Two ingenious 120 student students decide to use an oscillating mass on a spring to check the shutter (exposure) time of their camera. They set up vertically alongside the mass and spring. A pointer attached to the mass allows the scale on the meter stick to be read as illustrated in the diagram. The spring has a constant of k=4.934 N/m, and the mass is m=0.5000 kg. In equilibrium, the pointer is at the 50.0cm mark of the meter stick.
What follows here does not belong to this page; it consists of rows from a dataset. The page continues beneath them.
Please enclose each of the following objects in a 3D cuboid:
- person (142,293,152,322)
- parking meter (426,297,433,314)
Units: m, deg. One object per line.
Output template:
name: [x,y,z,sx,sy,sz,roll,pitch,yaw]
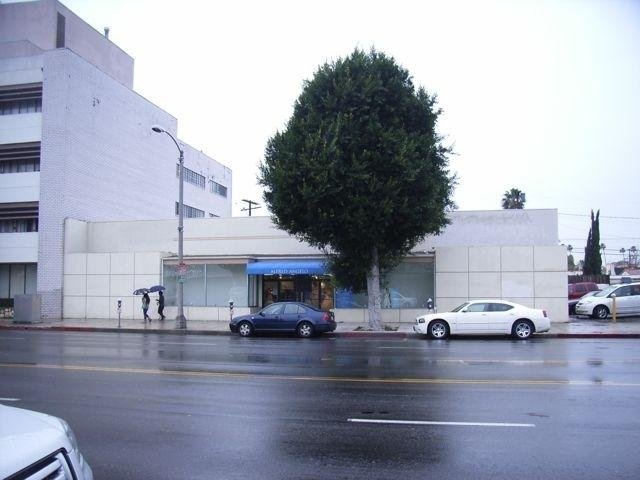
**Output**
person: [-9.106,3.473,35.767,0.421,1.690,2.914,0,2,-15]
parking meter: [5.556,3.309,34.473,0.388,0.822,0.732,1,11,1]

When the mass is oscillating, the pointer movies such that at its extreme positions it falls exactly on the 30.0cm and 70.0cm scale marks.

(I) What is the period of the of the oscillations of the mass?

(II) What is the amplitude of the oscillation?

____________________
| | |
70cm | | \spring
| | /_
50cm | | |__|mass
| |
30cm | _|

/\
| Meter stick

To find the period of the oscillations, we can use the formula:

T = 2π√(m/k)

where T is the period, m is the mass, and k is the spring constant.

(I) Let's calculate the period:

T = 2π√(0.5000 kg / 4.934 N/m)
T ≈ 2π√(0.1013 s²)
T ≈ 2π * 0.3184 s
T ≈ 2.003 s

So, the period of the oscillations of the mass is approximately 2.003 seconds.

Now, let's find the amplitude of the oscillation.

(II) The amplitude of the oscillation is half the difference between the extreme positions of the pointer.

Amplitude = (70.0 cm - 30.0 cm) / 2
Amplitude = 40.0 cm / 2
Amplitude = 20.0 cm

Therefore, the amplitude of the oscillation is 20.0 cm.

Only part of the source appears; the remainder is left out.